What is expected:
Look through the data below and extract, unchanged, the lines from the one that contains "#5 pedestrian [444,568,493,677]" to the one that contains "#15 bus [618,583,737,640]", both included.

[Records from a collection]
· · · · ·

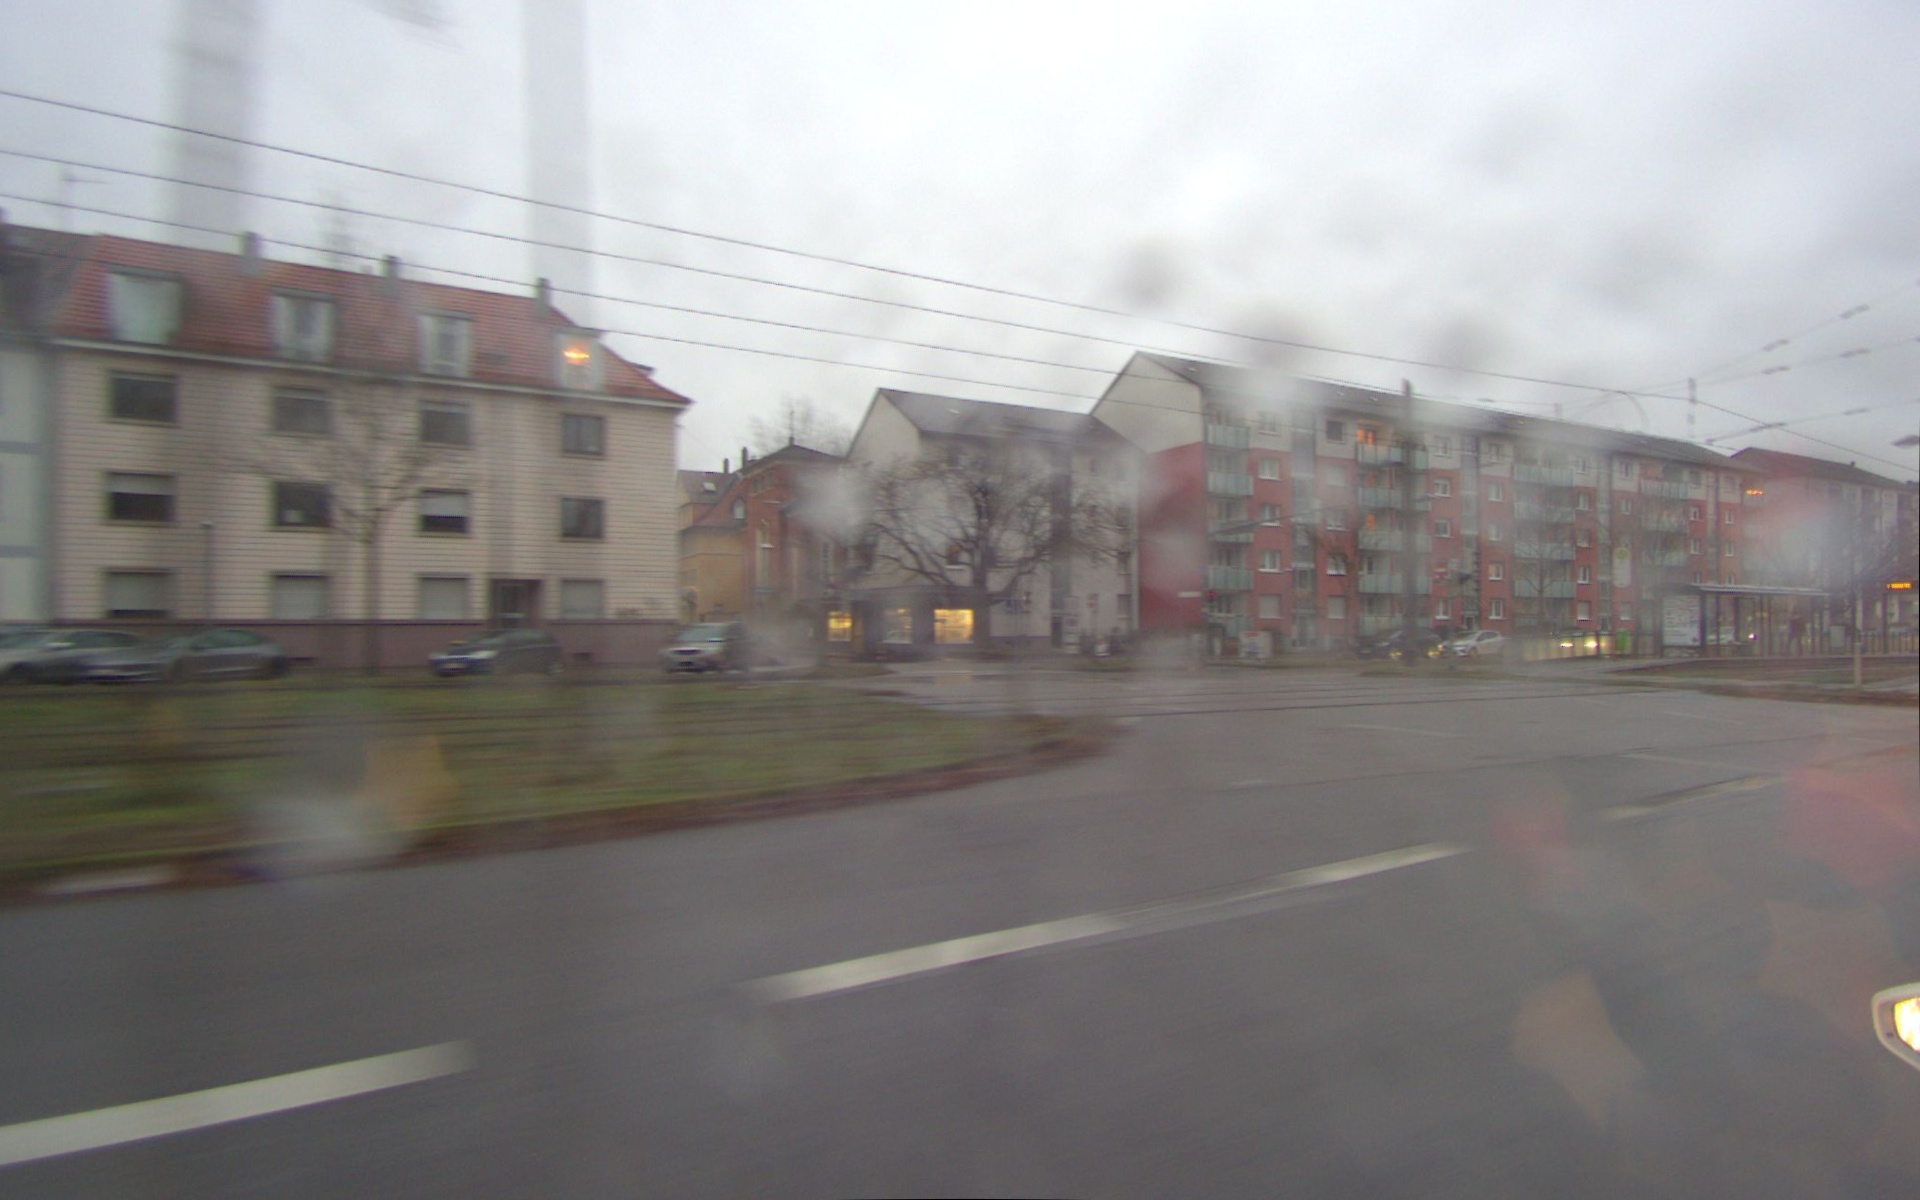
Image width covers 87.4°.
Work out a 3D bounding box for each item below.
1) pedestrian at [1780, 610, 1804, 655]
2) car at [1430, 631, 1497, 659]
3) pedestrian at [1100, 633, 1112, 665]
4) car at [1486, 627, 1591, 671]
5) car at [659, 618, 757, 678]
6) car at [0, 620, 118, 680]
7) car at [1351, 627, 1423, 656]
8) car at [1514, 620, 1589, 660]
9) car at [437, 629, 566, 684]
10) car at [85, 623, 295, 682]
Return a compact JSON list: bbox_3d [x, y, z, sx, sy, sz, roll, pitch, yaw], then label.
[{"bbox_3d":[31.486,1.226,38.020,0.455,1.678,0.494,1,1,-11],"label":"pedestrian"},{"bbox_3d":[25.500,2.275,50.850,3.345,1.304,1.438,1,0,-30],"label":"car"},{"bbox_3d":[5.698,1.903,39.141,0.340,1.200,0.434,1,0,21],"label":"pedestrian"},{"bbox_3d":[19.508,1.622,33.831,3.593,1.360,1.438,1,0,-30],"label":"car"},{"bbox_3d":[-7.436,1.373,30.036,1.707,1.576,3.800,1,0,4],"label":"car"},{"bbox_3d":[-20.825,1.089,22.455,1.369,1.163,3.045,1,0,3],"label":"car"},{"bbox_3d":[20.292,1.947,47.714,3.345,1.304,1.438,1,0,-30],"label":"car"},{"bbox_3d":[32.767,2.182,55.656,3.956,2.040,1.982,1,1,-33],"label":"car"},{"bbox_3d":[-12.455,1.492,27.534,1.424,1.355,3.770,0,-1,7],"label":"car"},{"bbox_3d":[-18.076,1.176,23.857,1.648,1.131,4.190,1,0,3],"label":"car"}]
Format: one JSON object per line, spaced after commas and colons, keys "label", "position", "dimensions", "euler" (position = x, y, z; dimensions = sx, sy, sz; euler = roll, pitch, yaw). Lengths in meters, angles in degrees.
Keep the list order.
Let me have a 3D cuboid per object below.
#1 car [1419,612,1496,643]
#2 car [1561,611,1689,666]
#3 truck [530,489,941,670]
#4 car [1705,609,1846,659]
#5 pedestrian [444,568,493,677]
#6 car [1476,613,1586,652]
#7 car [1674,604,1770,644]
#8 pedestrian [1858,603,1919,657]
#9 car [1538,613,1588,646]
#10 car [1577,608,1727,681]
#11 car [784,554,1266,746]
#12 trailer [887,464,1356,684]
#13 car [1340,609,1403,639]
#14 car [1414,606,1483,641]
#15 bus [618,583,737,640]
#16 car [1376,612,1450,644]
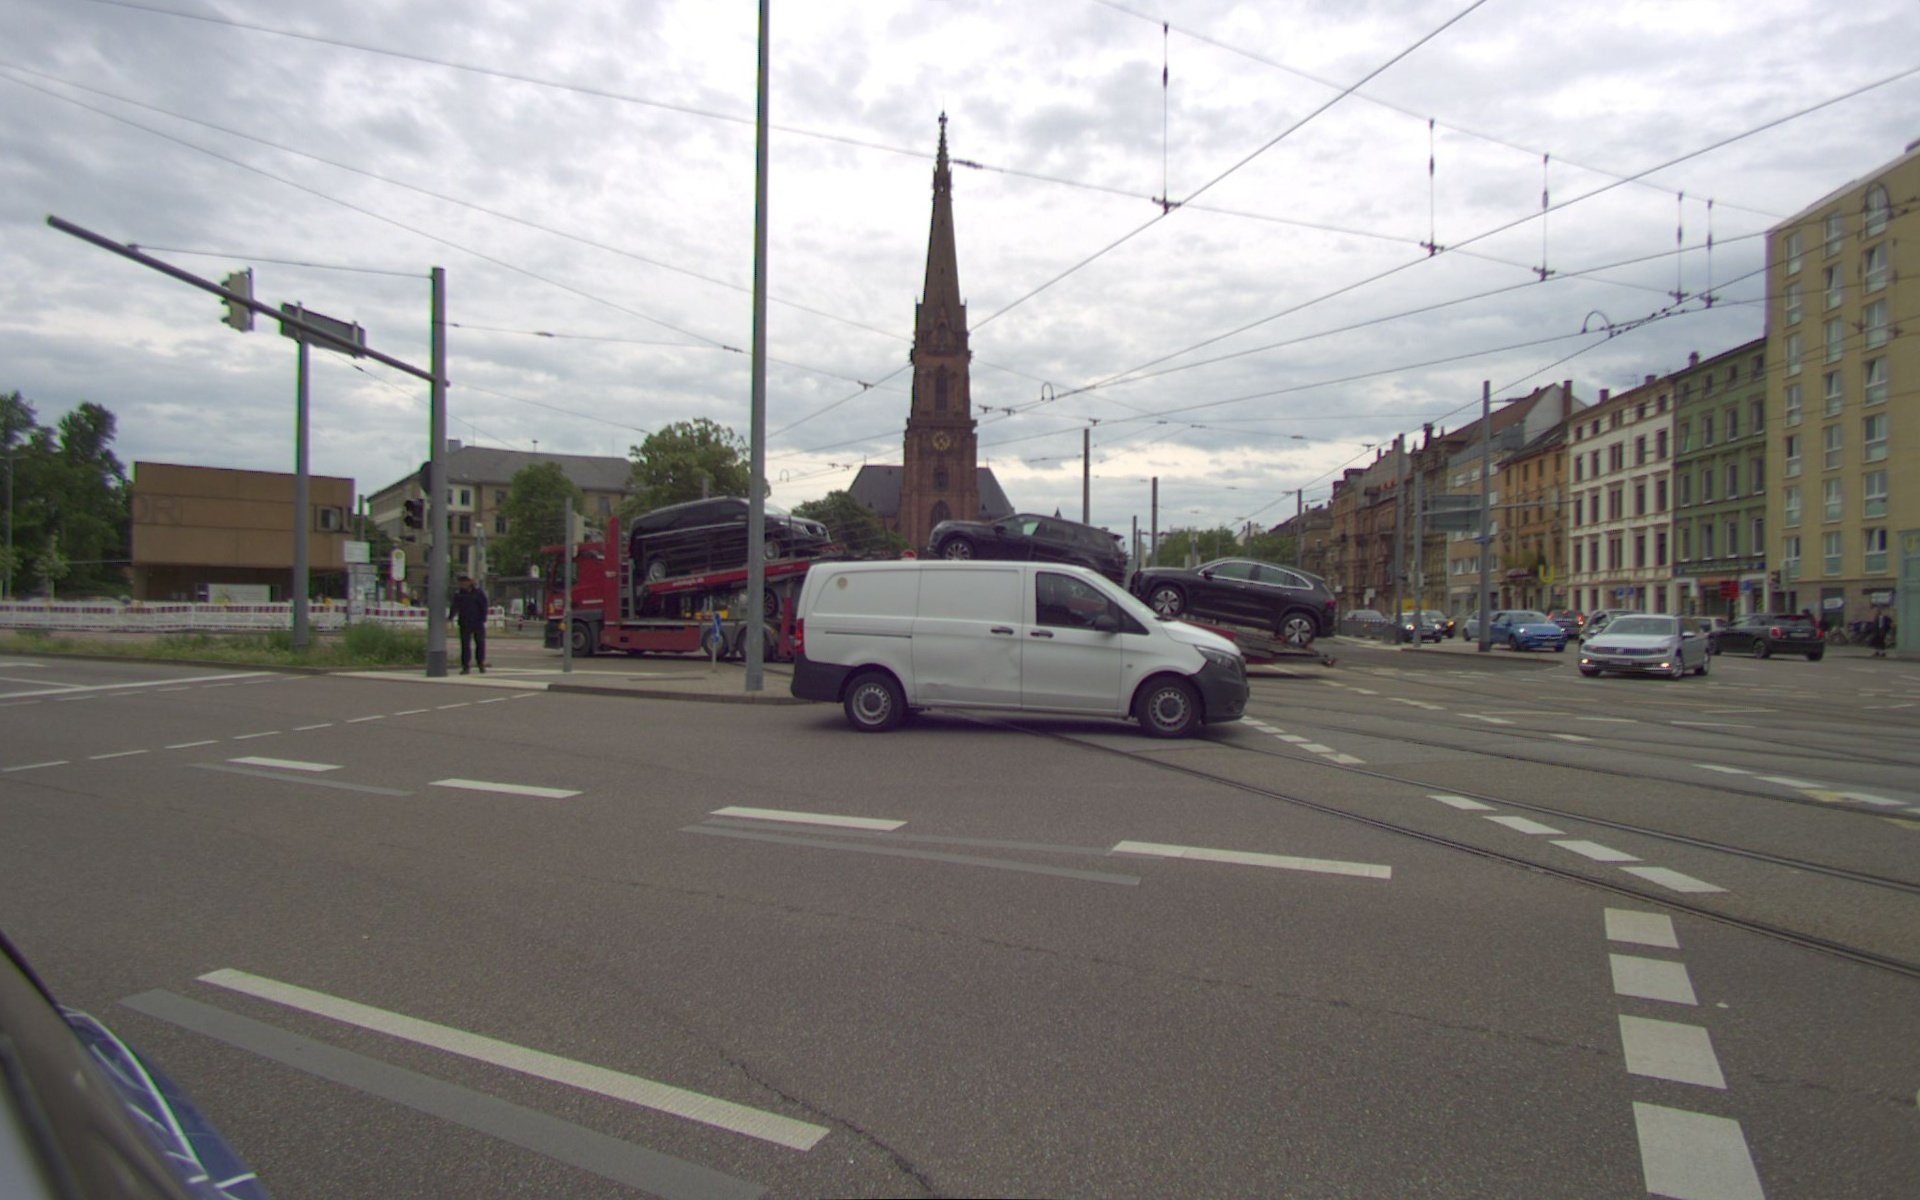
{"label": "car", "position": [24.066, 1.297, 49.103], "dimensions": [1.975, 1.453, 3.994], "euler": [0, -1, 5]}
{"label": "car", "position": [19.769, 1.098, 30.285], "dimensions": [1.979, 1.504, 3.608], "euler": [0, 0, 12]}
{"label": "truck", "position": [-5.795, -0.487, 25.501], "dimensions": [10.389, 3.949, 2.992], "euler": [0, 0, 23]}
{"label": "car", "position": [25.818, 1.043, 32.238], "dimensions": [1.756, 1.479, 3.987], "euler": [0, -1, 10]}
{"label": "pedestrian", "position": [-9.181, 0.416, 18.904], "dimensions": [0.767, 1.958, 0.985], "euler": [1, -1, -28]}
{"label": "car", "position": [20.681, 1.137, 36.855], "dimensions": [1.975, 1.320, 3.994], "euler": [0, -1, 5]}
{"label": "car", "position": [35.831, 1.075, 47.568], "dimensions": [3.931, 1.768, 2.088], "euler": [0, 0, -27]}
{"label": "pedestrian", "position": [31.878, 1.028, 34.747], "dimensions": [1.164, 1.798, 1.040], "euler": [0, -1, 3]}
{"label": "car", "position": [30.412, 1.433, 51.110], "dimensions": [1.814, 1.506, 3.965], "euler": [0, 1, 26]}
{"label": "car", "position": [15.916, 0.947, 23.175], "dimensions": [4.609, 1.504, 2.001], "euler": [1, -1, -44]}
{"label": "car", "position": [0.730, 0.467, 11.452], "dimensions": [5.035, 1.896, 1.917], "euler": [0, 1, 12]}
{"label": "trailer", "position": [3.339, -0.502, 21.589], "dimensions": [9.488, 4.003, 2.975], "euler": [0, 0, 22]}
{"label": "car", "position": [22.169, 1.280, 54.657], "dimensions": [1.974, 1.541, 3.996], "euler": [0, -1, 3]}
{"label": "car", "position": [25.940, 1.195, 53.901], "dimensions": [1.975, 1.741, 3.995], "euler": [0, 0, 5]}
{"label": "bus", "position": [-17.095, 0.583, 60.452], "dimensions": [2.818, 3.100, 12.049], "euler": [0, 1, -36]}
{"label": "car", "position": [21.692, 1.324, 48.608], "dimensions": [1.975, 1.453, 3.994], "euler": [0, -1, 5]}

· · · · ·

Response:
#5 pedestrian [444,568,493,677]
#6 car [1476,613,1586,652]
#7 car [1674,604,1770,644]
#8 pedestrian [1858,603,1919,657]
#9 car [1538,613,1588,646]
#10 car [1577,608,1727,681]
#11 car [784,554,1266,746]
#12 trailer [887,464,1356,684]
#13 car [1340,609,1403,639]
#14 car [1414,606,1483,641]
#15 bus [618,583,737,640]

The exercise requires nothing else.